# [Work instructions]
In your copy, each record should read exactly as it does below, and no pictures should be present.

---+---

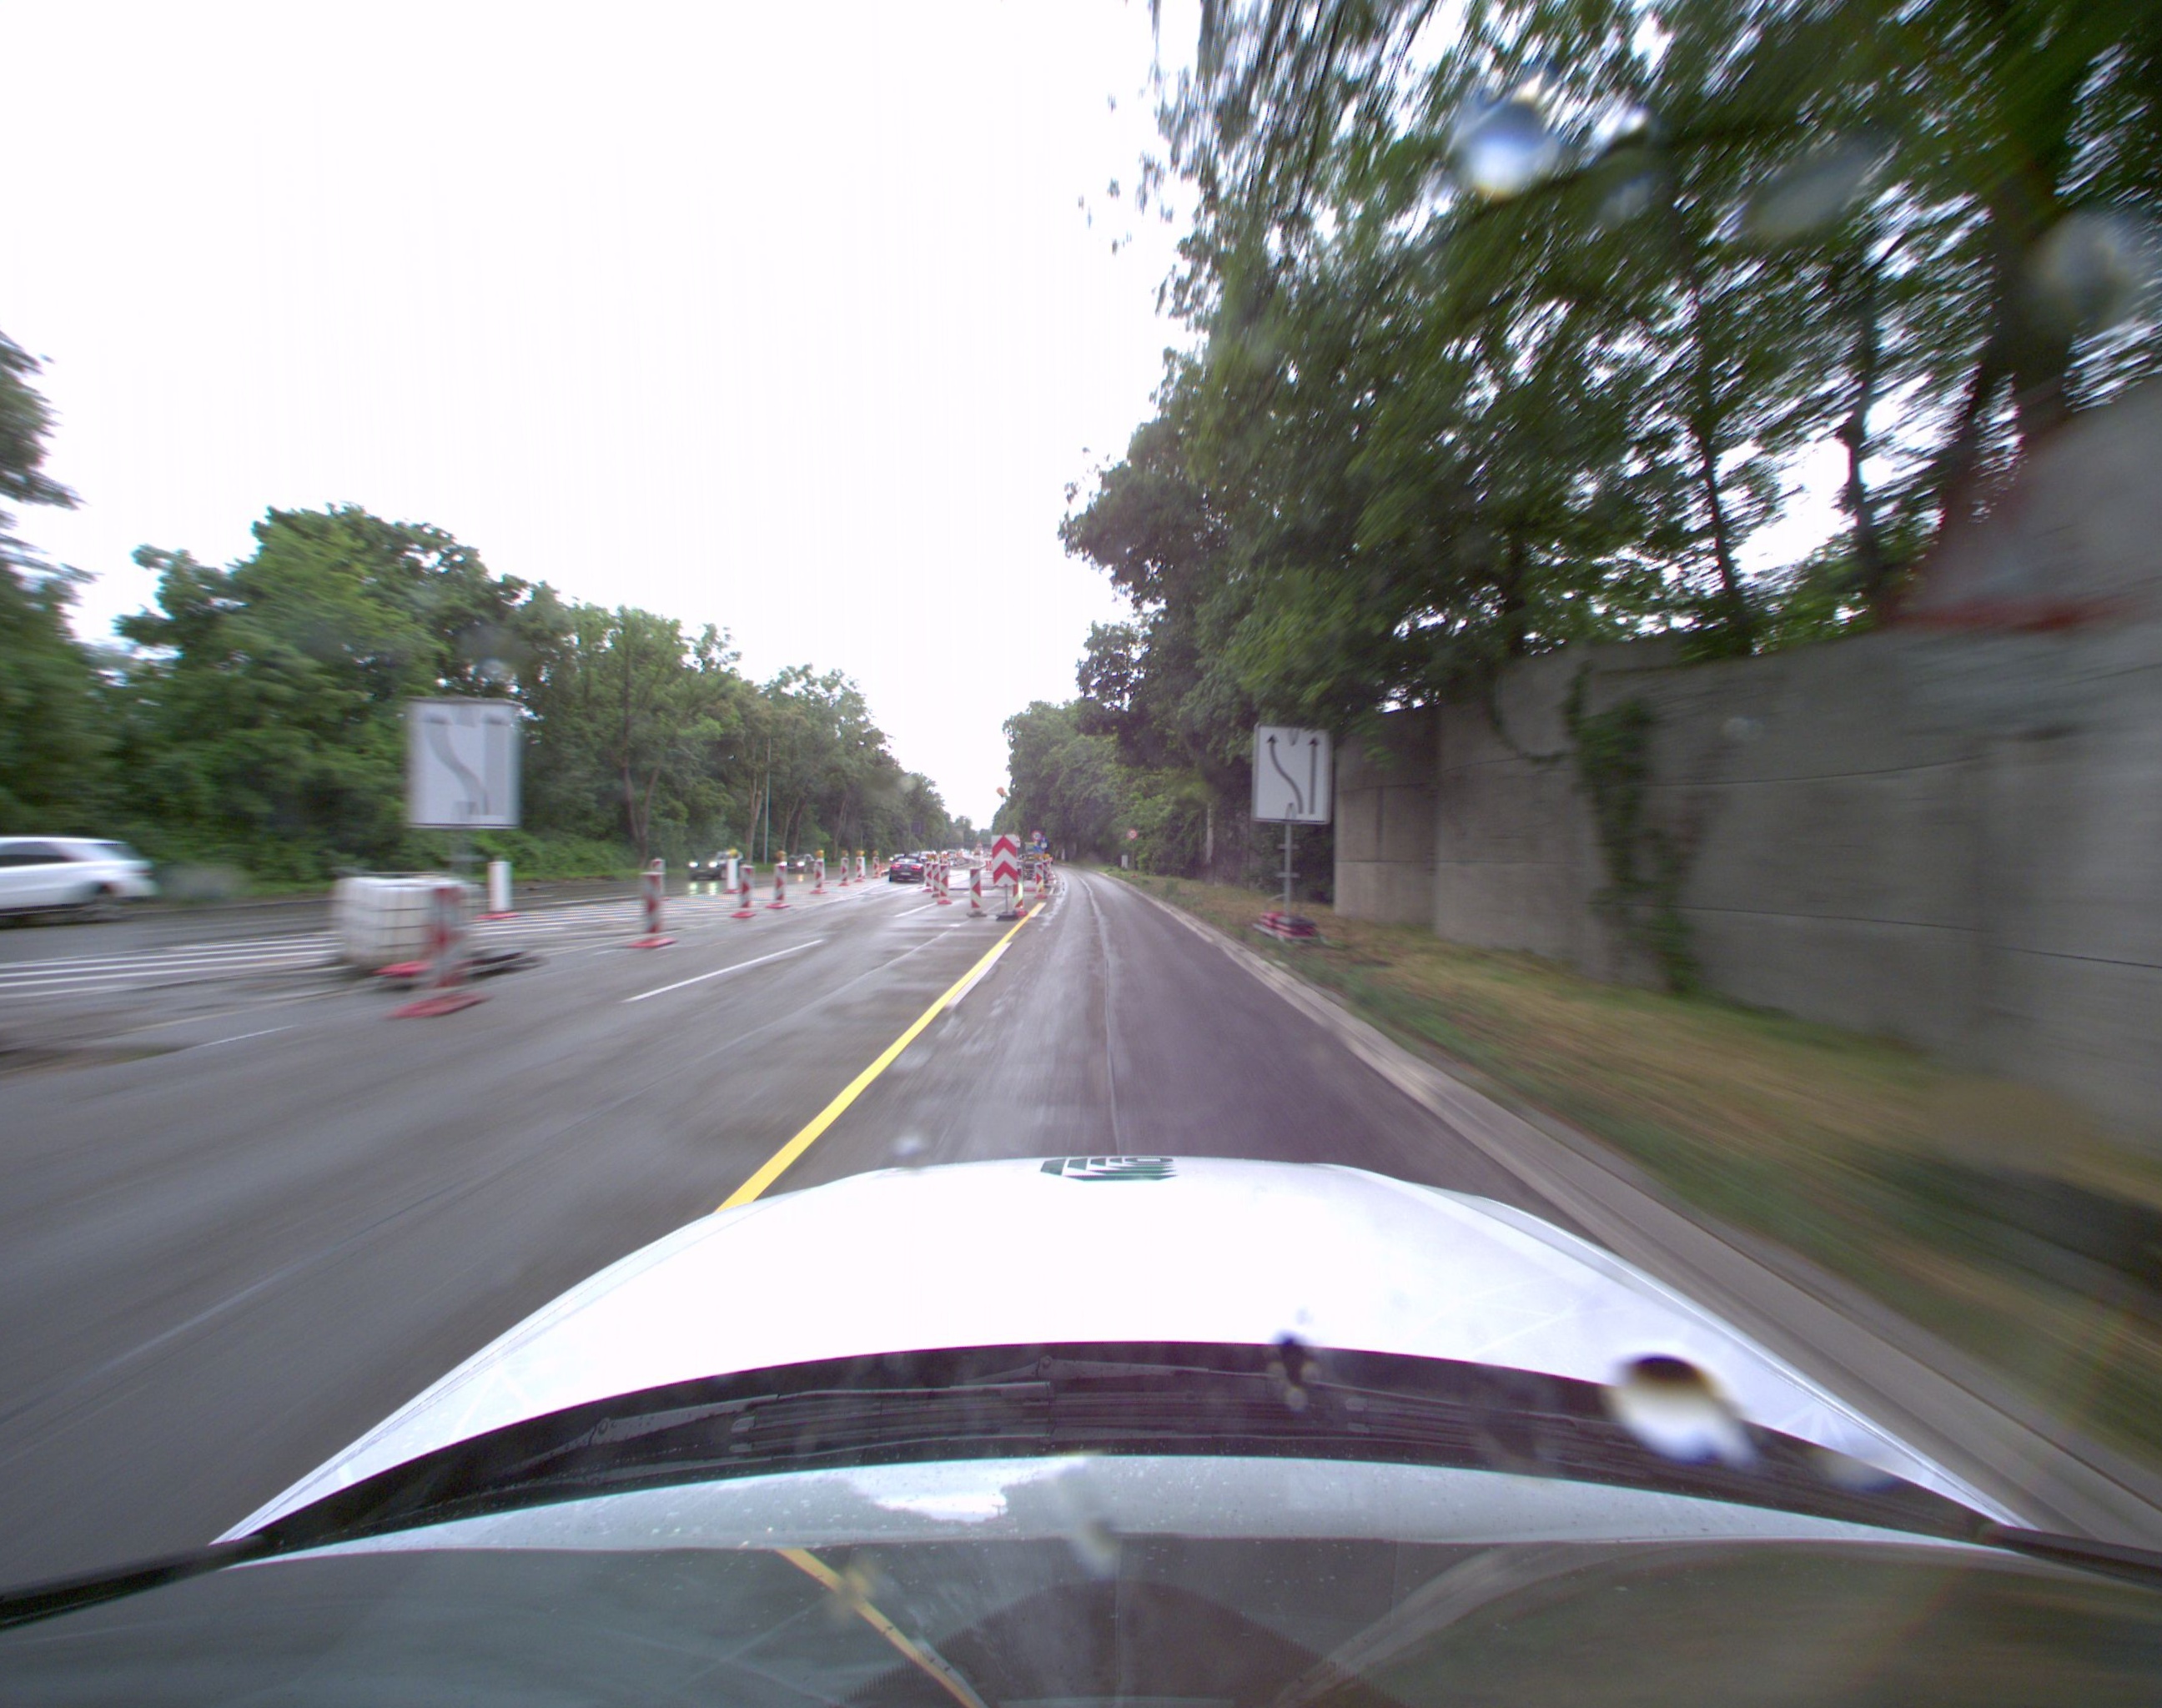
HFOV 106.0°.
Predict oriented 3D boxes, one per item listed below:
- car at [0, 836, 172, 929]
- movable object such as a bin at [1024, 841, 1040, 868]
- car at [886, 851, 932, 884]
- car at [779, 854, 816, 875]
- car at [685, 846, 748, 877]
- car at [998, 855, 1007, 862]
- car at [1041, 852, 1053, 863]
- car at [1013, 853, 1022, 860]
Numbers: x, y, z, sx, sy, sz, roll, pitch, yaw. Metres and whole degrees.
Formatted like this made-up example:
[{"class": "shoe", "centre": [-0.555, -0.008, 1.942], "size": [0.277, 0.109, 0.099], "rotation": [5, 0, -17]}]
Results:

---+---

# [Solution for this exercise]
HFOV 106.0°.
Predict oriented 3D boxes, one per item listed below:
- car at [0, 836, 172, 929]
- movable object such as a bin at [1024, 841, 1040, 868]
- car at [886, 851, 932, 884]
- car at [779, 854, 816, 875]
- car at [685, 846, 748, 877]
- car at [998, 855, 1007, 862]
- car at [1041, 852, 1053, 863]
- car at [1013, 853, 1022, 860]
Numbers: x, y, z, sx, sy, sz, roll, pitch, yaw. Metres and whole degrees.
Formatted like this made-up example:
[{"class": "shoe", "centre": [-0.555, -0.008, 1.942], "size": [0.277, 0.109, 0.099], "rotation": [5, 0, -17]}]
Results:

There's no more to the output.